The "Verbond" claims a membership of some 3,700, spread in ten different congregations throughout the country. The biggest one is the congregation in Amsterdam, with some 1,700 members. Other congregations exist in The Hague, Rotterdam, Culemborg (PJG Midden-Nederland),Utrecht, Arnhem (LJG Gelderland), Tilburg (LJG Brabant), Enschede (LJG Twente), Heerenveen, Zuidlaren (LJG Noord-Nederland) and Almere (LJG Flevoland). The NVPJ's rabbis are: Menno ten Brink, David Lilienthal, Awraham Soetendorp, Edward van Voolen, Marianne van Praag, Tamara Benima, Albert Ringer and Peter Luijendijk. It publishes its own magazine three times a year, Joods Nu (lit. Jewish Now).

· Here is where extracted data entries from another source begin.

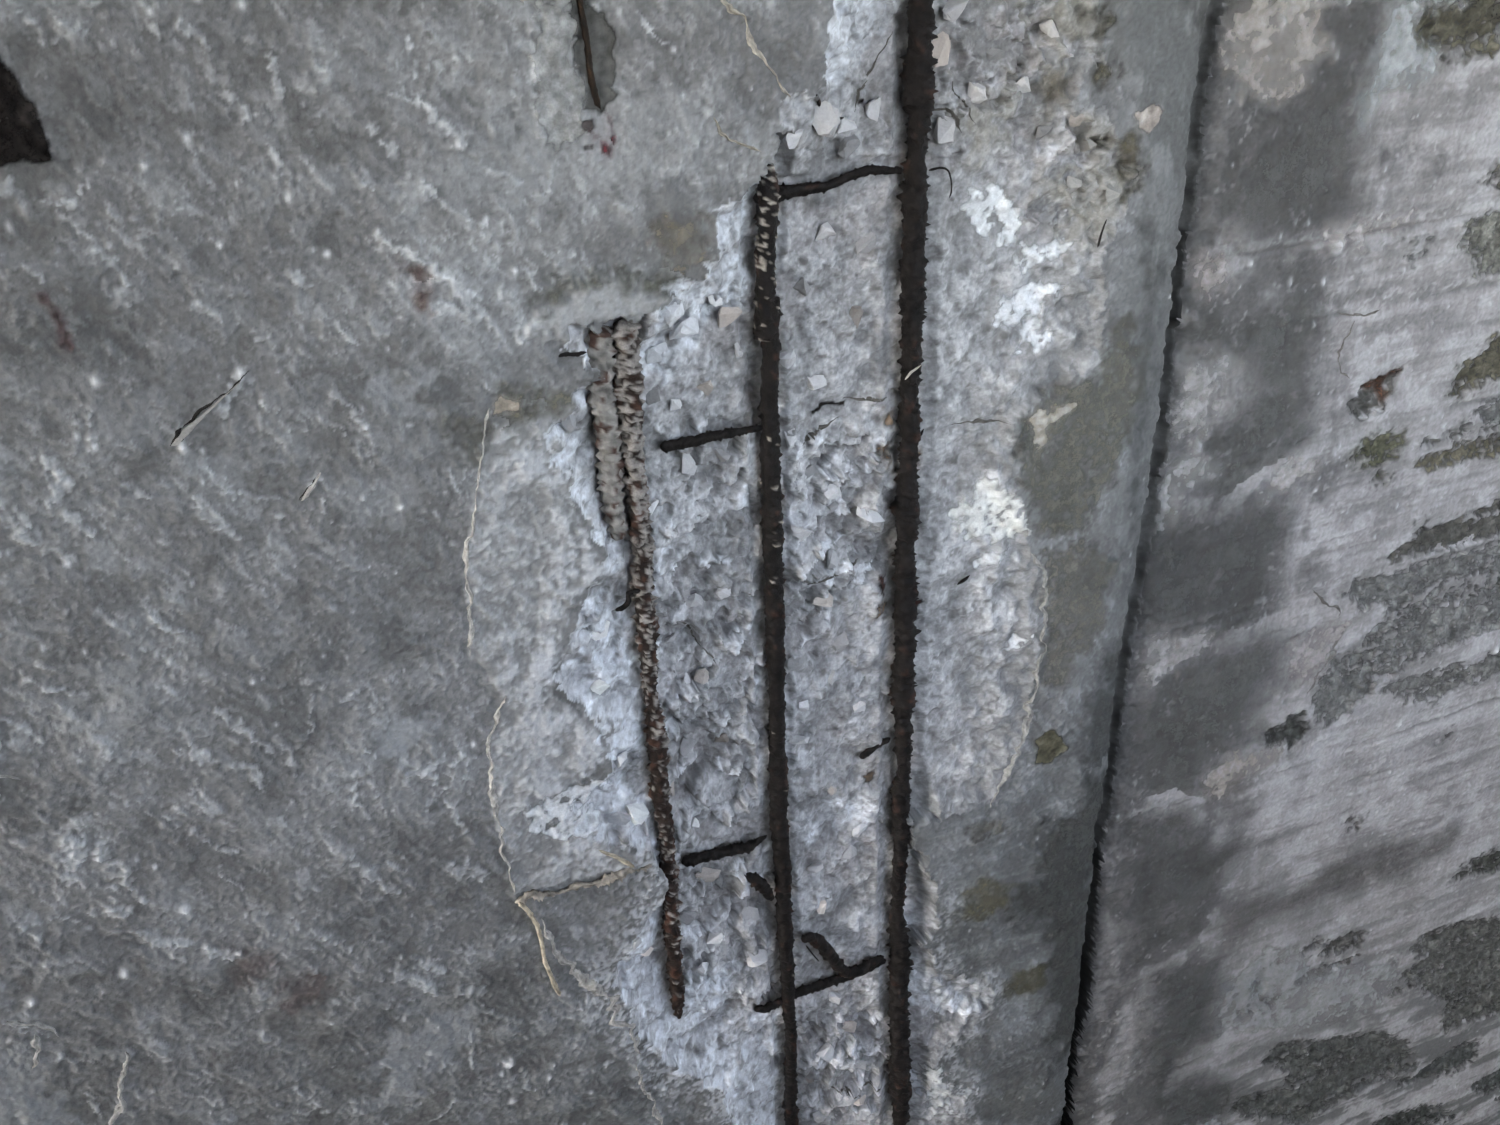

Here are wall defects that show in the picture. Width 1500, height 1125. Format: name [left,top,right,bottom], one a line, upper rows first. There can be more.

spalling [530,0,618,152]
corrosion [601,135,616,156]
water stain [1230,56,1378,232]
water stain [1183,294,1319,493]
spalling [544,0,1147,1125]
corrosion [875,576,887,619]
water stain [1128,500,1293,947]
water stain [1228,838,1451,937]
water stain [1139,959,1235,1125]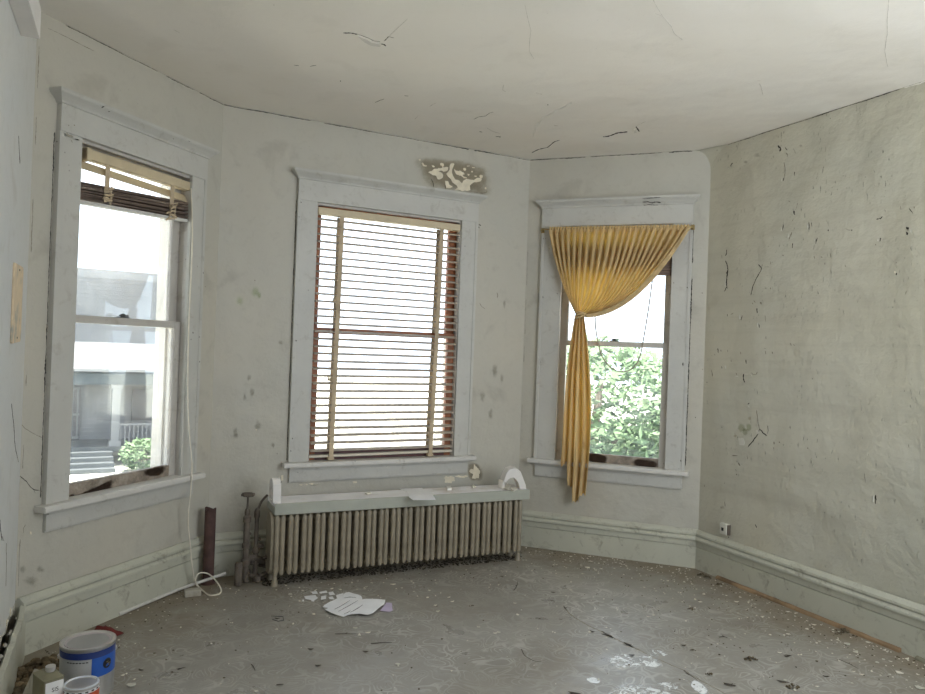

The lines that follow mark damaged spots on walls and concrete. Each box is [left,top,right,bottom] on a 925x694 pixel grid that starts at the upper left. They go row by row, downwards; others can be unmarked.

crack [345,20,406,47]
crack [48,25,692,160]
peeling [419,159,487,193]
crack [738,410,769,447]
crack [11,404,42,492]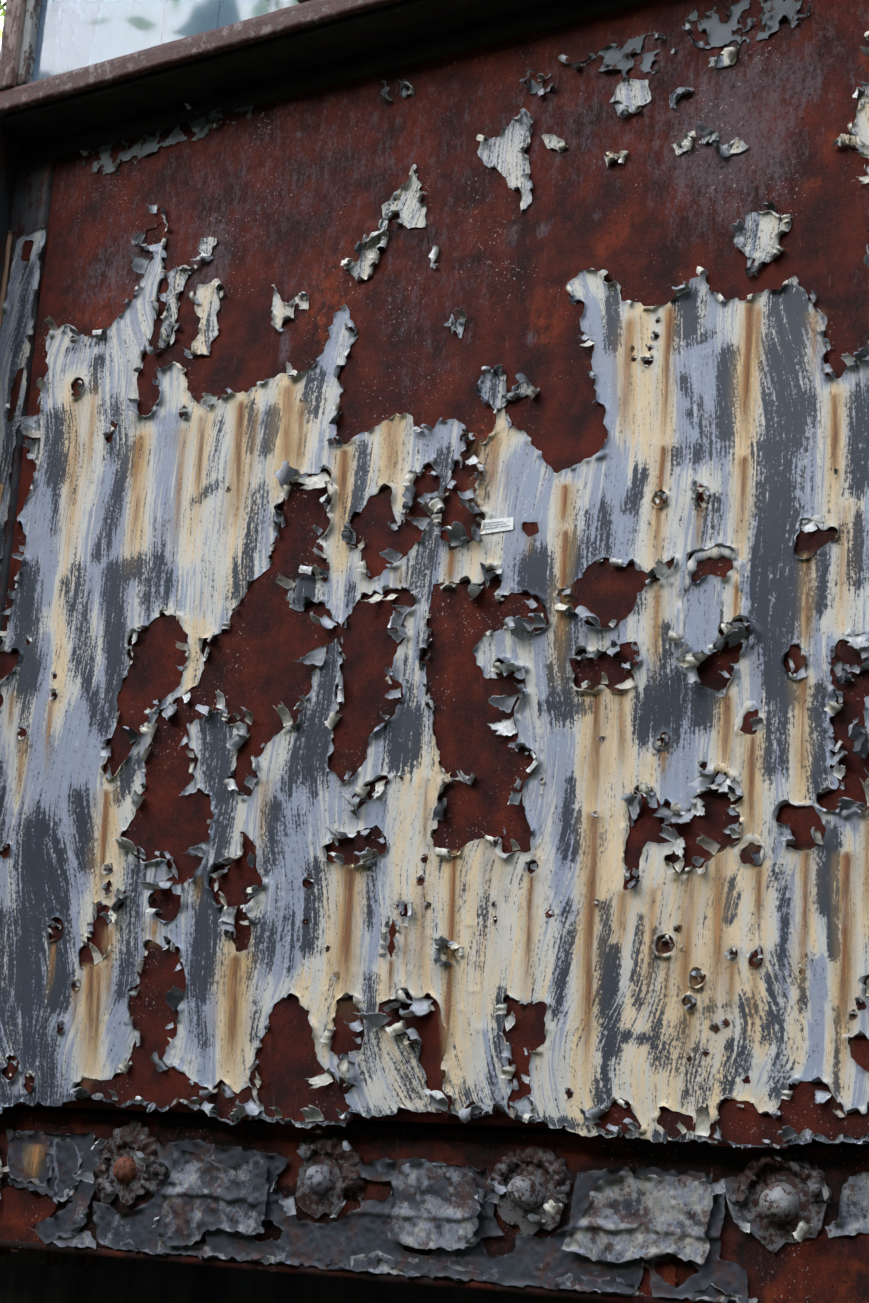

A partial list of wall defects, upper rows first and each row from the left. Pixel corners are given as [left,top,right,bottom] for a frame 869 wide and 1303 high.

rust [71,377,84,398]
rust [102,418,118,443]
rust [226,404,245,498]
peeling [0,0,869,952]
rust [626,310,672,397]
rust [740,308,759,408]
peeling [79,887,127,968]
rust [302,874,314,889]
rust [524,859,539,932]
peeling [0,939,869,1303]

The Nederlands Verbond voor Progressief Jodendom has separate organisations for women (FLJVN) and youngsters (Netzer Holland); there is also a separate Zionist organisation based on Progressive Jewish grounds, ARZA. It is also connected to four Jewish cemeteries: one in Hoofddorp (1937) and one in Amstelveen (2002). The Liberal communities in The Hague and Rotterdam also have their own cemetery in the town of Rijswijk, Beth Hachaim. The cemetery was founded in 1990 after several requests from members from both communities. The Congregation in Twente has its cemetery Gan ha-Olam in Enschede.

==History==
Progressive Judaism was brought to the Netherlands in the 1930s by German immigrants, many of them fleeing Nazi persecution. The first Progressive rabbi in the Netherlands was Meir L. Lasker, followed by German-born Rabbi Norden. The first congregation was founded in 1931 in The Hague, in the same year followed by one in Amsterdam. The congregations grew rapidly throughout the years, mostly because of the arrival of thousands of German Jews (of whom most were part of the Reform tradition). On 18 October 1931, the Verbond van Liberaal-Godsdienstige Joden (lit. Union for Liberal-Religious Jews) was founded. Services were held regularly, and the Union published its own paper, Nieuw Joods Leven (lit. New Jewish Life).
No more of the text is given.